Unspoken, Unwritten Agreement
I am a senior at my high school. For over a year now, I’ve had a crush on my astronomy teacher from junior year.
I am a different kind of girl. Sure, I have my group of friends just like everyone else, but I do not connect with them. There is just too much that they would not be able to understand.
Anyway. I’ve never had a boyfriend and I can’t say I really need one.
I am usually a reclusive person. That manages to set some people off, but it doesn’t bother me all that much. The funny thing is, I am able to connect better with people older than myself. That has always been a factor, even in my younger years.
When I took astronomy class last year, I was more interested in learning about the stars and the universe than anything else. When I first saw Troy, my astronomy teacher, I thought he was a very pleasant person (I never call him by his first name, but I’ll use it here). He would tell us crazy stories about his college years and make class fun. It was his class that almost made me forget that I was in school every day.
He would never yell at anyone, but then again the students in my class (mostly seniors) would be too caught up staring at the planetarium above to cause any trouble.
Troy is in his early thirties, is married and has a small boy. My feelings for him had been platonic up until the end of the school year. I respected him because he seemed like a nice guy, but nothing else.
One day, after I had taken all my finals, I decided to spend my hour of journalism class with him instead.
All the seniors had already graduated, and a handful of students weren’t at school because they had also taken their finals.
I had asked Troy if I could spend my next class with him, and he had happily agreed. When I finally got to his room, we were the only ones there. That day he kept the room dark because he was projecting Sports Center on the planetarium (which is pretty cool). I grabbed an astronomy book from the shelf and sat at the end of the room, close to his desk.
I read in silence for half an hour. After that, Troy came up to me and sat on a desk right in front of me. I was surprised that he had come to talk to me, but accepted the kind gesture non the less. He started the conversation, and we talked about anything from our class, to summer plans, and future plans. He was honest and sincere, listening to everything I had to say. Somewhere along our conversation I realized that he really did care, and was truthful with me. He told me that I was a great student to have in his class – one of the best he had ever had, as a matter of fact. He also told me he had noticed that I did not talk much, and informed me that he saw no reason why I should not believe in myself.
I ended up talking to him about my parents and how, despite the fact that they have only the best in mind, they do not understand me. Surprisingly, he proceeded to tell me about his own parents, and how his father never really approved of him being a teacher.
We found common ground. Somehow I had been able to share more with him that day, than I had with anyone else.
At the end of class, we stood facing each other for a few seconds before moving in for a brief hug. I was going to miss him a lot during the summer.
Things have changed since then. Everything has become more complicated, in a way. When I came back to school for my senior year, my feelings followed. They have only been growing since the beginning of the year.
I’ve been seeing Troy almost every day since. He hasn’t forgotten about last year, and even though he isn’t my teacher any more, we talk on a regular basis.
He has, on multiple occasions, invited me to come to one of his classes whenever I have free time. Whenever we would run into each other in the hallways, he would stop and chat with me for a minute, no matter how insignificant the exchange of information was.

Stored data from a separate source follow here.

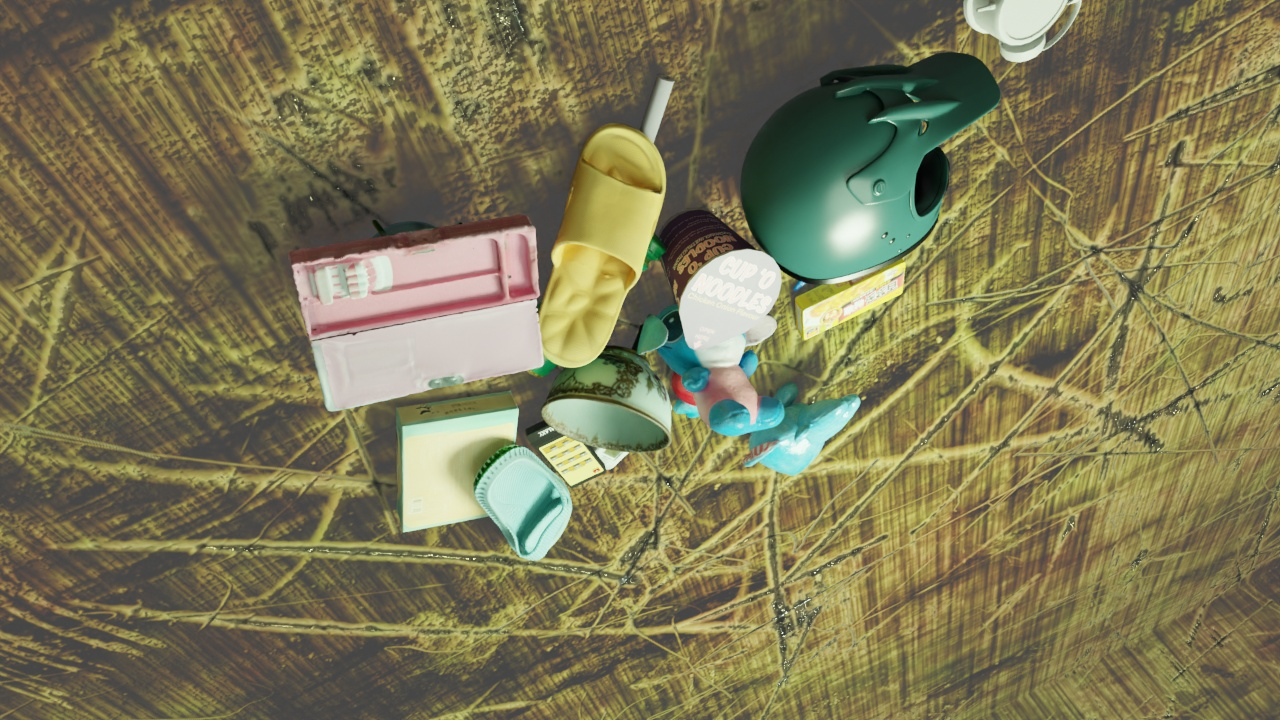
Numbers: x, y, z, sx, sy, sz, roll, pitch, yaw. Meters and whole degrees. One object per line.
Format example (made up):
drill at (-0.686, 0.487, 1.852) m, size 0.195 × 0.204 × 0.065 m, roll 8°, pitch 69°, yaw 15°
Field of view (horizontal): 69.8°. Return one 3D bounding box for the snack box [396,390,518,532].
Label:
snack box at (-0.233, 0.130, 1.157) m, size 0.141 × 0.044 × 0.194 m, roll -8°, pitch 133°, yaw -23°

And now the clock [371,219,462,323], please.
clock at (-0.239, -0.073, 0.959) m, size 0.118 × 0.060 × 0.162 m, roll 1°, pitch 129°, yaw -27°

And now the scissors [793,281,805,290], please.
scissors at (0.241, -0.135, 1.179) m, size 0.125 × 0.013 × 0.127 m, roll 22°, pitch 115°, yaw -40°

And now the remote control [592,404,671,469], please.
remote control at (-0.017, 0.095, 1.250) m, size 0.133 × 0.022 × 0.050 m, roll -45°, pitch 134°, yaw 16°

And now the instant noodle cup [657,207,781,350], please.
instant noodle cup at (0.073, -0.102, 1.045) m, size 0.121 × 0.121 × 0.137 m, roll 14°, pitch 122°, yaw -35°

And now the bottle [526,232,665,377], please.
bottle at (-0.061, -0.071, 1.045) m, size 0.210 × 0.068 × 0.068 m, roll -41°, pitch 135°, yaw 13°

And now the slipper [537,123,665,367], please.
slipper at (-0.042, -0.111, 0.957) m, size 0.099 × 0.078 × 0.264 m, roll 17°, pitch 106°, yaw -13°

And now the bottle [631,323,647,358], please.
bottle at (-0.007, 0.007, 1.168) m, size 0.033 × 0.033 × 0.123 m, roll -4°, pitch 130°, yaw -24°

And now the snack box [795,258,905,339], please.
snack box at (0.279, -0.086, 1.223) m, size 0.152 × 0.025 × 0.075 m, roll -25°, pitch 148°, yaw -4°

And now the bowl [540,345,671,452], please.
bowl at (-0.032, 0.039, 1.106) m, size 0.160 × 0.093 × 0.160 m, roll 11°, pitch 156°, yaw 5°

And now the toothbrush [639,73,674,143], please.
toothbrush at (-0.002, -0.213, 0.980) m, size 0.018 × 0.019 × 0.188 m, roll 11°, pitch 125°, yaw -14°

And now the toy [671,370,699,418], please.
toy at (0.085, 0.035, 1.226) m, size 0.092 × 0.062 × 0.133 m, roll -5°, pitch 150°, yaw -4°

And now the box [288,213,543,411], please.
box at (-0.215, -0.049, 0.919) m, size 0.232 × 0.040 × 0.179 m, roll -11°, pitch 126°, yaw -17°

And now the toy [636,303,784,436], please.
toy at (0.099, 0.007, 1.116) m, size 0.223 × 0.191 × 0.099 m, roll -6°, pitch 149°, yaw -46°

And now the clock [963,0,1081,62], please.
clock at (0.424, -0.396, 1.007) m, size 0.159 × 0.061 × 0.120 m, roll 11°, pitch 124°, yaw -39°

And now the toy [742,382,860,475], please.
toy at (0.228, 0.089, 1.312) m, size 0.183 × 0.115 × 0.181 m, roll -16°, pitch 158°, yaw -45°

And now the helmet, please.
helmet at (0.239, -0.216, 0.989) m, size 0.274 × 0.176 × 0.200 m, roll -23°, pitch 138°, yaw -12°

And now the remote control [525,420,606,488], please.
remote control at (-0.096, 0.120, 1.211) m, size 0.058 × 0.013 × 0.133 m, roll -26°, pitch 135°, yaw 8°

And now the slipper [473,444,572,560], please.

On top of that we also have lunch the same period. One day before the winter break I was feeling especially down. I had talked to him earlier in the morning, wishing I could somehow convey the fact that I was going to miss him during the vacation, but was not successful. I had wanted to hug him at least once more.
At the end of lunch we crossed paths, and Troy once again wished me a safe break. However, as he was about to turn and walk away, I reached out to him and said “Wait”.
I had never sounded so desperate in my life. He turned back to me and smiled, waiting patiently for what I was about to say.
The thoughts were racing in my mind and I had no idea what to really say. In an effort to explain myself, I told him that I wanted one last thing before we said goodbye. I was afraid of what I wanted to do, because I usually did not let people see the weaker side of me.
His response to that was an enthusiastic OK, even though he had no idea what I wanted. He then moved closer to me, not breaking eye contact even for a second. His gaze was intense – I had his full attention.
I could honestly not trust myself with talking any more. My voice was already weak, and I had run out of excuses to my strange behavior.
Just as my eyes were starting to get glossy, I moved in and embraced him.
Troy was not able to fully return the gesture because in his left arm he was carrying his laptop. But he managed to, very gently, place his arm around my waist, as I had placed my own arms around his shoulders.
We stood like this for a few seconds. I closed my eyes in order to capture the moment before it was gone. Then I let go and stepped back, aware that other students were around.
I am sure he already knows how I feel about him, mainly because I am so obvious. But even if he does, I will never tell him, because I care for him too much. I respect him as married man, just as I respect him as a person.
I am sure that, with this knowledge, he sometimes has a hard time facing me. Some days we manage to ignore each other completely. I understand the reasons, and I give him his space even though it hurts me to.
However, we always manage to come back. It is like an unspoken, unwritten agreement that sets things straight between us. At the end of the day, his smile is the only thing that matters.